生涯学習研究e事典
 
登録/更新年月日:2009(平成21)年1月8日
 
 

市民協働の視点による社会教育関係団体補助金 (きょうどうがたのしゃかいきょういくじぎょうほじょきん)

local government subsidies for association for promotion of social education with the perspective of the government-citizen coproduction
キーワード : 市民協働、社会教育関係団体、市民公益活動促進補助金、社会教育事業費補助金、市民協働型補助金
今西幸蔵(いまにしこうぞう)
1.市民協働の考え方と補助金
  
 
 
 
  【定義】
 各種の補助金のあり方について検討し、その予算化から執行に至る過程において市民協働という政策概念を導入しようとする新しい取組が生まれている。
【説明】
 市民協働は、1990年代に横浜市によって「横浜コード」として提唱され、2000年代に入って全国各地の多くの自治体によって採用されつつある政策概念である。
 大阪狭山市においては、関西地方としては極めて早い時期から、市民協働を政策概念として採用することの検討が開始されている。
 平成13(2001)年8月には「大阪狭山市における市民公益活動促進に関する提言」が出され、平成14(2002)年3月には「大阪狭山市市民公益活動活性化に関する基本方針」が、同年6月には「大阪狭山市市民公益活動促進条例」及び「大阪狭山市市民公益活動促進条例施行規則」が設置された。
 ここで同市が掲げた市民協働の基本原則は、「自主性の尊重」「多様性の尊重」「対等な関係」「自立化の原則」「目的共有の原則」「相互理解の原則」「公開の原則」「評価の原則」の8点である。

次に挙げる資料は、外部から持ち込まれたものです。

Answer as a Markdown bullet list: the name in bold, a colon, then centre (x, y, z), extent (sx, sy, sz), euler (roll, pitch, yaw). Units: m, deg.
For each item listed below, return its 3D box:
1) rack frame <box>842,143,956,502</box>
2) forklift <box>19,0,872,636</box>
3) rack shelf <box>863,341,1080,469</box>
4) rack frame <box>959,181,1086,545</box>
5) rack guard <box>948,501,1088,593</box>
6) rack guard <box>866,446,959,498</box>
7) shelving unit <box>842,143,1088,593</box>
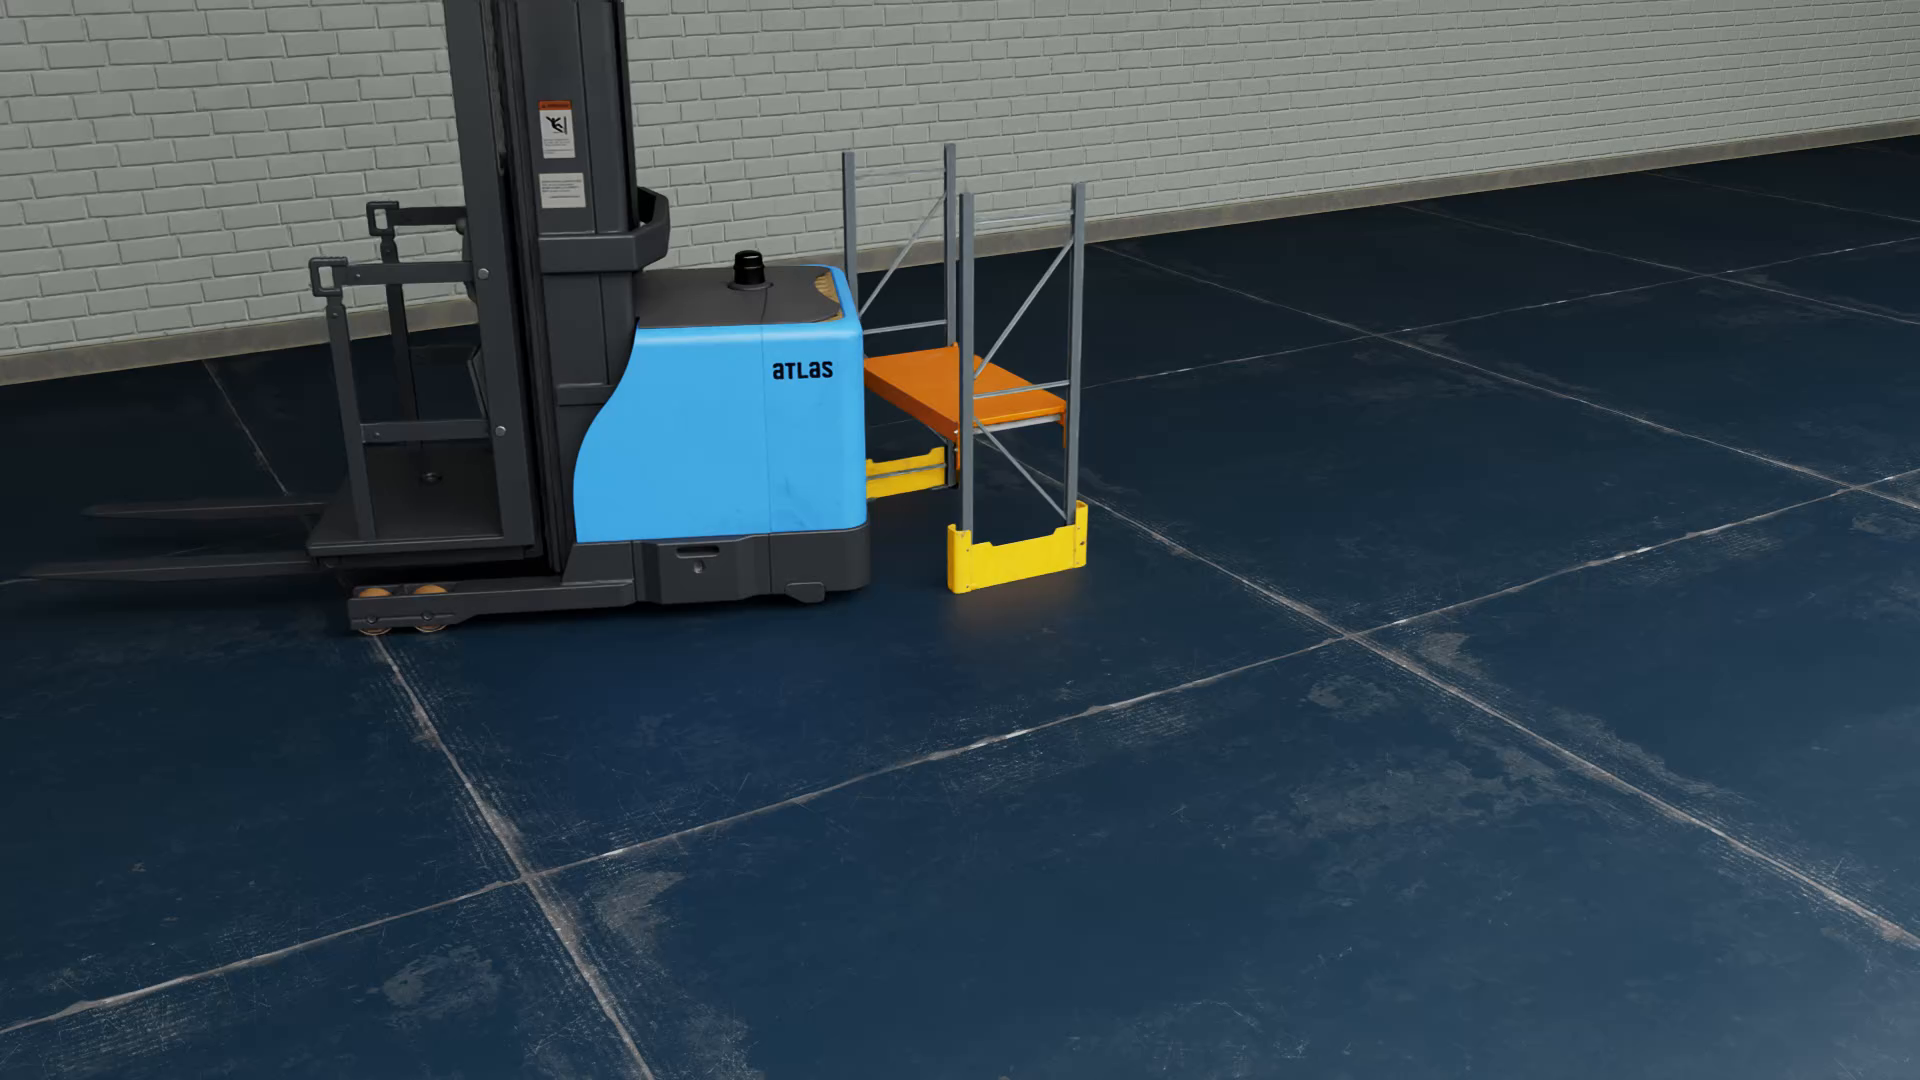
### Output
- **rack frame**: centre (-0.245, -0.895, 7.021), extent (0.500, 1.500, 0.032), euler (-11, 25, -25)
- **forklift**: centre (-1.891, -1.227, 5.938), extent (3.031, 2.935, 1.130), euler (-3, 22, -7)
- **rack shelf**: centre (-0.009, -0.559, 6.672), extent (0.538, 0.185, 1.000), euler (-11, 25, -25)
- **rack frame**: centre (0.226, -0.556, 6.186), extent (0.500, 1.500, 0.032), euler (-11, 25, -25)
- **rack guard**: centre (0.225, 0.023, 6.423), extent (0.587, 0.250, 0.087), euler (-11, 25, -25)
- **rack guard**: centre (-0.236, -0.310, 7.241), extent (0.587, 0.250, 0.087), euler (-11, 25, -25)
- **shelving unit**: centre (-0.005, -0.722, 6.596), extent (0.587, 1.500, 1.083), euler (-11, 25, -25)

 次に大阪狭山市が取り組んだことは、市民協働の視点に立って、平成14(2002)年度における同市の団体補助金(補助金項目は75種類)を見直すことであった。補助金の約95%が非公募によるものであり、交付先も特定されていた。そこで従来の福祉関係団体補助金と文化関係団体補助金を一元化し、市民協働の視点を盛り込んだ補助金制度下での補助金交付を試みたのである。そのために「大阪狭山市市民公益活動促進補助金交付要綱」が制定され、いわゆる市民協働型補助金と呼ばれる制度が誕生したのであり、平成16(2004)年度からはこの制度による団体支援基金制度がスタートしている。
 実際には市からの拠出金があり、これに市民等からの寄付金と同額の市の資金を加え、合わせて事業団体に補助することになる。これには補助対象団体と事業の公募と審査,補助金の時限性といった形で事業の安定実施に関わる担保が行政から求められている。
 補助金の執行については市の責任で行われるが、補助金団体の決定とその後の活動評価については、第三者機関である大阪狭山市市民公益活動促進委員会が担当する。また補助金を得ようとする団体は、補助金申請書の提出、補助金申請のための公開プレゼンテーションの実施、市に対する協力と期中評価を受けること、事業実施後の実績報告書の提出と事業報告会への参加などが求められる。この制度が実施されて5年経つが、これまでは順調に制度の定着化が図られてきており、市民協働型補助金制度が求める団体の自立が進んできていると考えられる。